Given the importance of improving rice productivity in Casamance, this study aims to:
- Evaluate the morphological and yield-related parameters of the ISRIZ 7 variety under different seedling spacings and fertilization levels.
- Identify the best combination of plant density and fertilization strategy to optimize rice production under rainfed conditions.
3 MATERIALS AND METHODS
3.1 Experimental site: The experiment was conducted at the Djibélor Agricultural Research Center (12°33ʹ39ʺN; 16°18ʹ25ʺW) in Ziguinchor region located in the south-west of Senegal (Figure 1). The soil is tropical ferruginous with a sandy texture and a low organic matter content (less than 1%) (Loyer et al., 1986).

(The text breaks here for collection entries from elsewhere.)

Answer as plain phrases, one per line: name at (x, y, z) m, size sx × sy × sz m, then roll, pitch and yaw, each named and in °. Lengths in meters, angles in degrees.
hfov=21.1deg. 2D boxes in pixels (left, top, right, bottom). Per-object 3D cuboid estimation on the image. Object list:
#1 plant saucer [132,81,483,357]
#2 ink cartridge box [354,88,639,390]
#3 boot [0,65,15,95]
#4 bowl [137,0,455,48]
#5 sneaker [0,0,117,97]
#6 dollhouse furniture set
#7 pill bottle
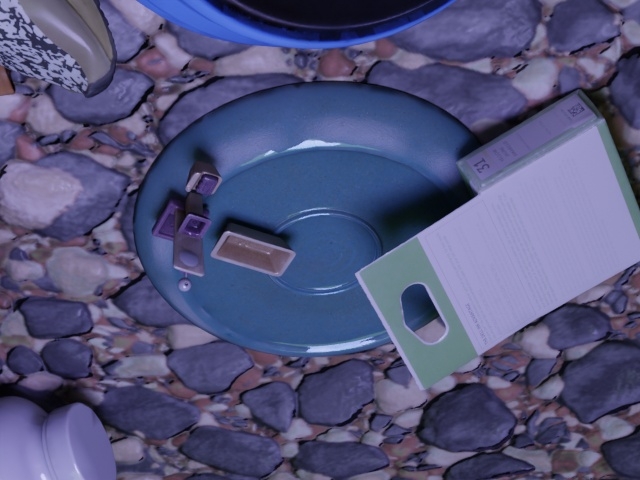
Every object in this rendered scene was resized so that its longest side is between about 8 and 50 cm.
plant saucer at (0.000, 0.000, 1.457) m, size 0.318 × 0.043 × 0.317 m, roll -2°, pitch 135°, yaw -3°
ink cartridge box at (0.148, 0.003, 1.420) m, size 0.235 × 0.056 × 0.171 m, roll -30°, pitch 133°, yaw 0°
boot at (-0.374, -0.111, 1.299) m, size 0.281 × 0.096 × 0.264 m, roll -10°, pitch 128°, yaw -7°
bowl at (0.013, -0.296, 0.992) m, size 0.391 × 0.077 × 0.391 m, roll -17°, pitch 121°, yaw -31°
sneaker at (-0.333, -0.165, 1.097) m, size 0.410 × 0.182 × 0.158 m, roll 26°, pitch 159°, yaw -7°
dollhouse furniture set at (-0.066, 0.006, 1.367) m, size 0.114 × 0.081 × 0.091 m, roll 17°, pitch 131°, yaw -22°
pill bottle at (-0.325, 0.232, 1.580) m, size 0.264 × 0.146 × 0.146 m, roll -20°, pitch 133°, yaw 13°
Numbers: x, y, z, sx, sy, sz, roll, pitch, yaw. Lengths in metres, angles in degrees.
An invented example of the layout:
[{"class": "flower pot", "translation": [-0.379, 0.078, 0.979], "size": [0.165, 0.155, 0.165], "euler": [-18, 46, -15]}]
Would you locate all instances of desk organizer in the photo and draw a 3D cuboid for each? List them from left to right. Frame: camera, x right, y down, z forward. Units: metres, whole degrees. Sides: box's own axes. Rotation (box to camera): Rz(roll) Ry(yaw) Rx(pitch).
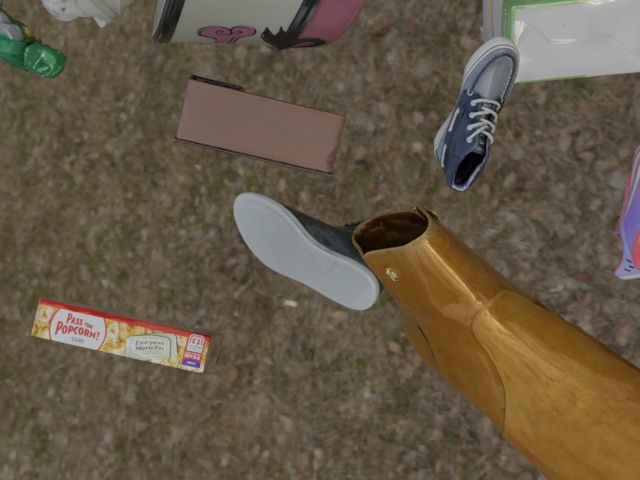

Figure 1: Geographical location of the experimental site
The climate of the region is of the Sudanian South Coastal type (Sagna, 2005). Ziguinchor experiences two distinct seasons: a rainy season, which lasts for approximately four months from July to October, with an average rainfall of 1300 mm between 1991 and 2021, and a dry season, which lasts for about eight months, from November to June. Figure 2, which illustrates the rainfall variability in Ziguinchor from 1991 to 2022, highlights the years 1999 ; 2008 ; 2015 and 2020 as those with the highest recorded rainfall (exceeding 1700mm/year). In contrast, the years 1992, 2002, 2007, and 2021 are characterized by lower rainfall, with totals under 1300mm/year.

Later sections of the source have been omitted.